Disaster recovery

The IBM® MQ Appliance disaster recovery solution provides for the situation where you have a complete outage at your data center. The work can be resumed by another IBM MQ Appliance running at a distant location.

Disaster recovery (DR) is provided on a per queue manager basis. When you create a queue manager on your main appliance, you create a secondary instance on your recovery appliance at the distant site. The two appliances are linked by a high-speed connection. The work of the primary queue manager is replicated to the secondary queue manager asynchronously. For example, an IBM MQ PUT or GET completes and returns to the application before the event is replicated to the secondary queue manager. Asynchronous replication means that, following a recovery situation, some messaging data might be lost. But the secondary queue manager will be in a consistent state, and able to start running immediately, even if it is started at a slightly earlier part of the message stream.
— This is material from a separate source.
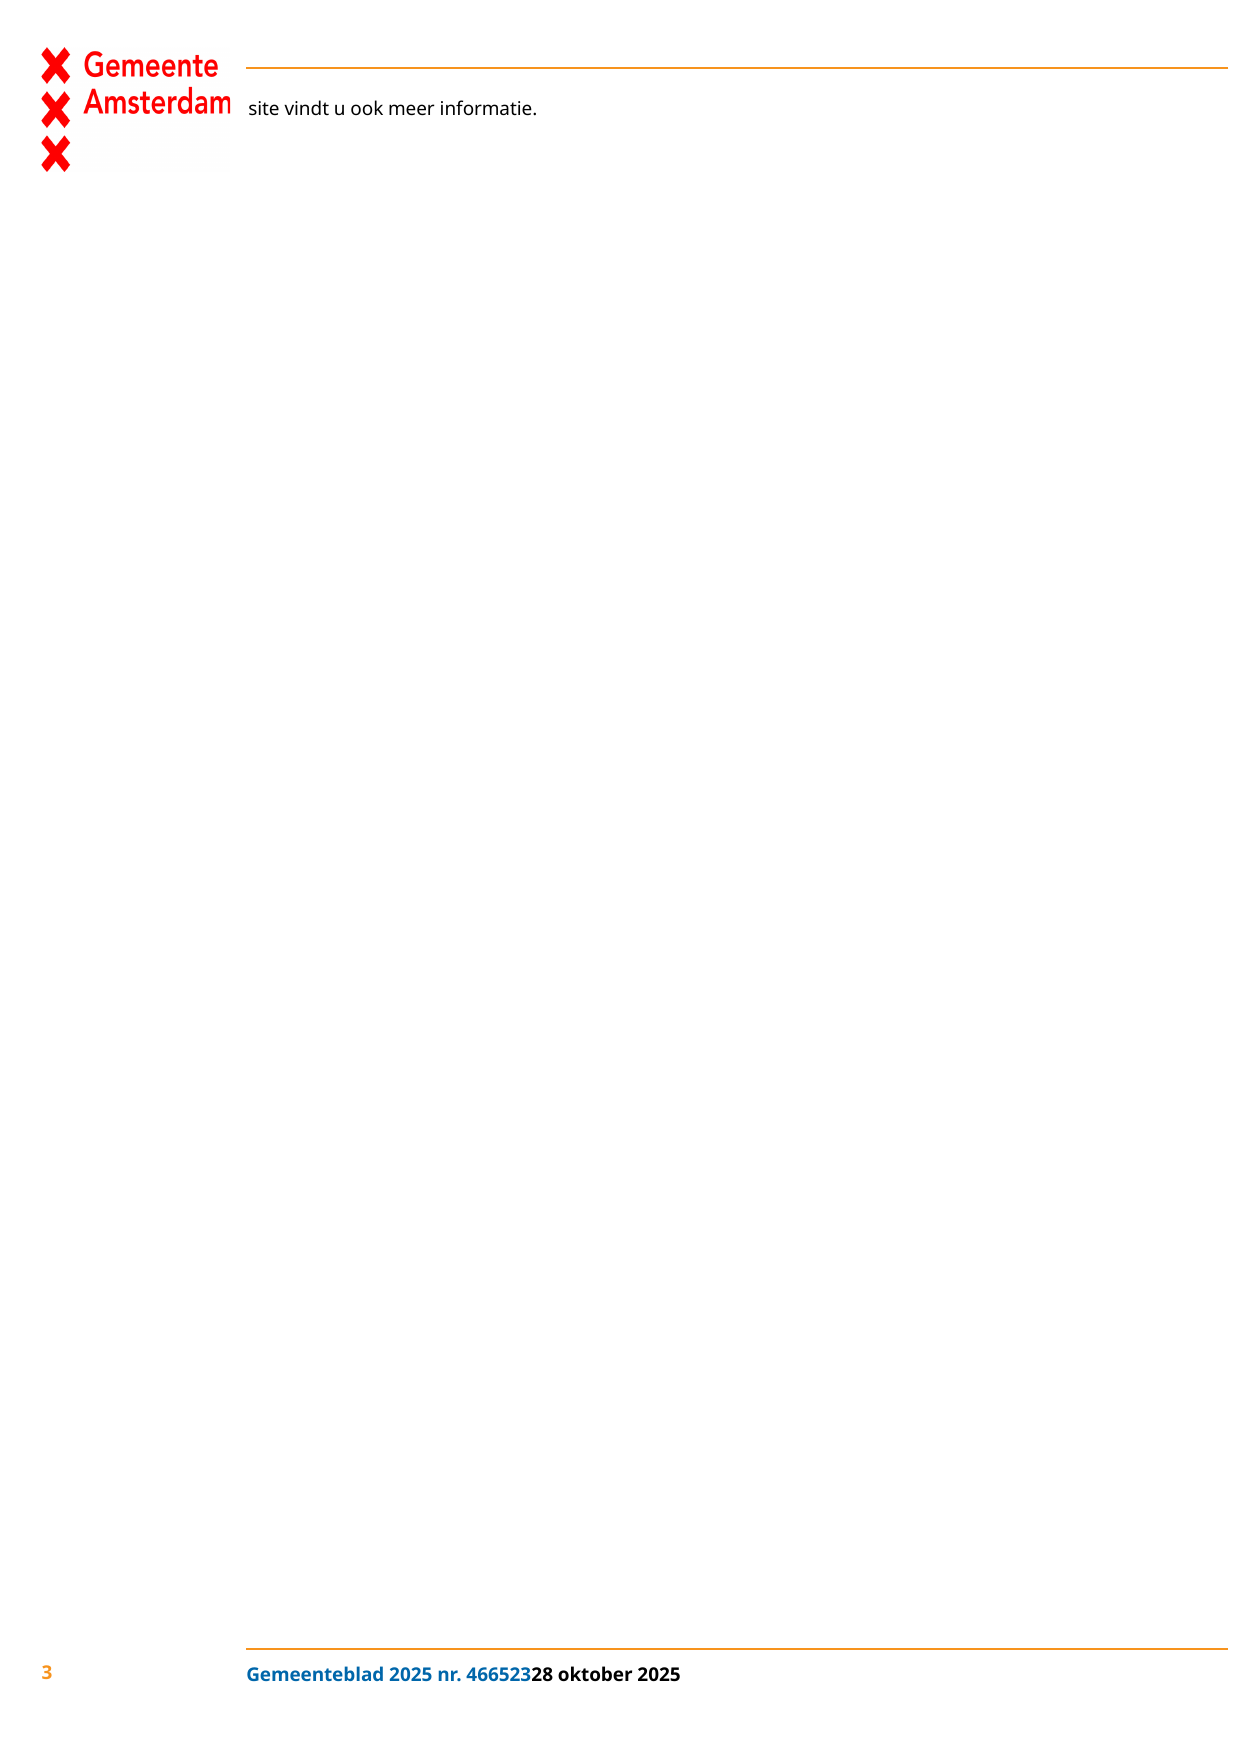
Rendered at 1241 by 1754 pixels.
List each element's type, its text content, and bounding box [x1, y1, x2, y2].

You can configure a queue manager so that it is part of a disaster recovery configuration and a high availability group, see Disaster recovery for a high availability configuration.

The main and recovery appliances are connected by a single replication link. Unlike the high availability solution, there is no heartbeat detection between the two appliances. An appliance at the recovery site can host secondary queue managers from multiple appliances at the main site, or at different main sites. For example, you could have an appliance in Glasgow that provided disaster recovery for appliances in Birmingham, Paris, and Frankfurt. Equally, an appliance at your main site could have secondary queue managers on different appliances at different recovery sites.

When a disaster occurs, and the main appliance is lost and a primary queue manager stops running, the secondary queue manager at the distant site can be started manually. Applications must connect to the recovery appliance (using automatic client reconnection). The secondary queue manager can then process application messages until such time as normal operation can be resumed. There can be up to 4 MB of data in the TCP send buffer of a primary queue manager, ready to be replicated to the secondary instance, and this data is lost if a disaster occurs.

Replication, synchronization, and snapshots

When the two appliances in a DR configuration are connected, any updates to the persistent data for a DR queue manager are transferred from the primary instance of the queue manager to the secondary instance. This is known as replication.

If the network connection between the appliances is lost, the changes to the persistent data for the primary instance of a queue manager are tracked. When the network connection is restored, a different process is used to get the secondary instance up to speed as quickly as possible. This is known as synchronization.

While synchronization is in progress, the data on the secondary instance is in an inconsistent state. A snapshot of the state of the secondary queue manager data is taken. If a failure of the main appliance or the network connection occurs during synchronization, the secondary instance reverts to this snapshot and the queue manager can be started. Any of the updates that happened since the original network failure are lost, however.